With something like this video, made with VEO, the slop begins to feel more like a traditional news report. It has 146,000 views and it’s made of several short clips with news-anchorish voiceover. I had to scroll down past a lot of “Thank you president Trump” and “good job officers” comments to find any that pointed out that it was fake, even though the watermark for Google’s VEO generator is in the corner.

The voiceover also “reports” semi-accurately on what happened in DC, but without any specifics: “Police moved in today, to clear out a homeless camp in the city. City crews tore down tents, packed up belongings, and swept the park clean. Some protested, some begged for more time. But the cleanup went on. What was once a community is now just an empty field.” I found the same video posted to X, with commenters on both platforms taking offence at the use of the term “community.”



Comments on the original and X postings of this video which is clearly made with VEO

I also found several examples of shorter slop clips like this one, which has almost 1 million views, and this one, with almost half a million, which both exaggerate the scale and disarray of the encampments. In one of the videos, the entirety of an area that looks like the National Mall (but isn’t) has been taken over by tents. Quickly scrolling these videos gives the viewer an incorrect understanding of what the DC “camps” and “cleanup” looked like.


These shorter clips have almost 1.5 million views between them

The account that posted these videos was called Hush Documentary when I first encountered it, but had changed its name to viralsayings by Monday evening. The profile also has a five-second AI-generated footage of ATF officers patrolling a neighborhood; marked as AI, with 89,000 views.

What’s happening also is that real footage and fake footage are being mixed together in a popular greenscreen TikTok format where a person gives commentary (basically, reporting or commenting on the news) while footage plays in the background. That is happening in this clip, which features that same AI footage of ATF officers.


The viralsayings version of the footage is marked as AI. The remixed version, combined with real footage, is not.

I ended up finding a ton of instances where accounts mixed slop clips of the camp clearings, with seemingly real footage—notably many of them included this viral original footage of police clearing a homeless encampment in Georgetown.

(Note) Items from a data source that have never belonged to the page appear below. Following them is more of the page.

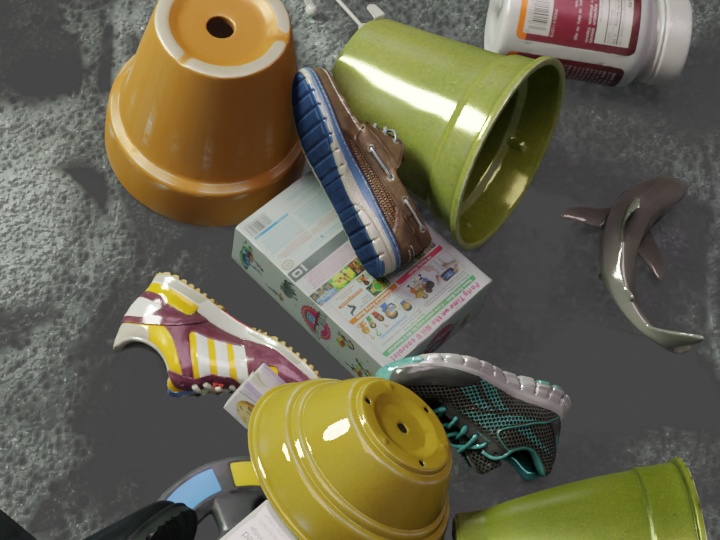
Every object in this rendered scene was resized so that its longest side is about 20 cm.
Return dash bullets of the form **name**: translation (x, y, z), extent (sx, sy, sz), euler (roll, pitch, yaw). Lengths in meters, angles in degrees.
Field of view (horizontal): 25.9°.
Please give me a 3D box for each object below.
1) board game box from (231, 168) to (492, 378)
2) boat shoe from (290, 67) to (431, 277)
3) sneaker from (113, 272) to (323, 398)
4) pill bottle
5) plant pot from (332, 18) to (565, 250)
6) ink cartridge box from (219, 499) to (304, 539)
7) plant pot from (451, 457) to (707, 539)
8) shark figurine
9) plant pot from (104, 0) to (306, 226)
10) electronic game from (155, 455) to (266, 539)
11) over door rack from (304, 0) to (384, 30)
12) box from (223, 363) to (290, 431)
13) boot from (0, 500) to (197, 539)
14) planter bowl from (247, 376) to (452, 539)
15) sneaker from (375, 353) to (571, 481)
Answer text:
- **board game box**: translation (0.000, 0.000, 1.465), extent (0.200, 0.064, 0.147), euler (43, 61, 17)
- **boat shoe**: translation (0.001, -0.097, 1.425), extent (0.072, 0.072, 0.201), euler (-24, 94, -23)
- **sneaker**: translation (-0.122, 0.089, 1.387), extent (0.199, 0.075, 0.090), euler (31, 72, 11)
- **pill bottle**: translation (0.238, -0.255, 1.641), extent (0.199, 0.114, 0.115), euler (9, 57, -6)
- **plant pot**: translation (0.070, -0.150, 1.511), extent (0.184, 0.201, 0.200), euler (29, 57, 20)
- **ink cartridge box**: translation (-0.102, 0.301, 1.210), extent (0.200, 0.083, 0.147), euler (-39, 77, -21)
- **plant pot**: translation (0.172, 0.260, 1.279), extent (0.192, 0.201, 0.201), euler (-4, 59, 1)
- **shark figurine**: translation (0.266, -0.020, 1.510), extent (0.127, 0.090, 0.215), euler (8, 56, -6)
- **plant pot**: translation (-0.136, -0.174, 1.472), extent (0.199, 0.184, 0.201), euler (5, 57, -8)
- **electronic game**: translation (-0.089, 0.248, 1.306), extent (0.199, 0.042, 0.201), euler (6, 58, -9)
- **over door rack**: translation (0.018, -0.305, 1.645), extent (0.147, 0.067, 0.200), euler (-25, 46, -24)
- **box**: translation (-0.027, 0.163, 1.329), extent (0.200, 0.041, 0.039), euler (44, 29, -1)
- **boot**: translation (-0.252, 0.221, 1.249), extent (0.168, 0.077, 0.200), euler (30, 55, 26)
- **planter bowl**: translation (0.013, 0.149, 1.273), extent (0.200, 0.083, 0.201), euler (29, 34, -22)
- **sneaker**: translation (0.101, 0.131, 1.376), extent (0.199, 0.078, 0.092), euler (17, 66, -25)

But a lot of them are ripping each other off. For example, many accounts have ripped off the voiceover of this viral clip from @Alfredito_mx (which features real footage) and have put it over top of AI footage. This clone from omivzfrru2 has nearly 200,000 and features both real and AI clips; I found at least thirty other copies, all with between ~2000 and 5000 views.

The scraping-and-recreating robot went extra hard with this one - the editing is super glitchy, the videos overlay each other, the host flickers around the screen, and random legs walk by in the background.

@mgxrdtsi 75 homeless camps in DC cleared by US Park Police since Trump's 'Safe and Beautiful' executive order #alfredomx #washington #homeless #safeandbeautiful #trump ♬ original sound - mgxrdtsi

So, one viral video from a popular creator has spawned thousands of mirrors in the hope of chipping off a small amount of the engagement of the original; those copies need footage, go looking for content in the tags, encounter the slop, and can’t tell / don’t care if it’s real. Then more thousands of people see the slop copies and end up getting a totally incorrect view of an actual unfolding news situation.

In these videos, it’s only totally clear to me that the content is fake because I found the original sources. Lots of this footage is obviously fake if you’re familiar with the actual situation in DC or familiar with the geography and streets in DC. But most people are not. If you told me “some of these shots are AI,” I don’t think I could identify all of those shots confidently. Is the flicker or blurring onscreen from the footage, from a bad camera, from a time-lapse or being sped up, from endless replication online, or from the bad green screen of a “host”? Now, scrolling social media means encountering a mix of real and fake video, and the AI fakes are getting good enough that deciphering what’s actually happening requires a level of attention to detail that most people don’t have the knowledge or time for.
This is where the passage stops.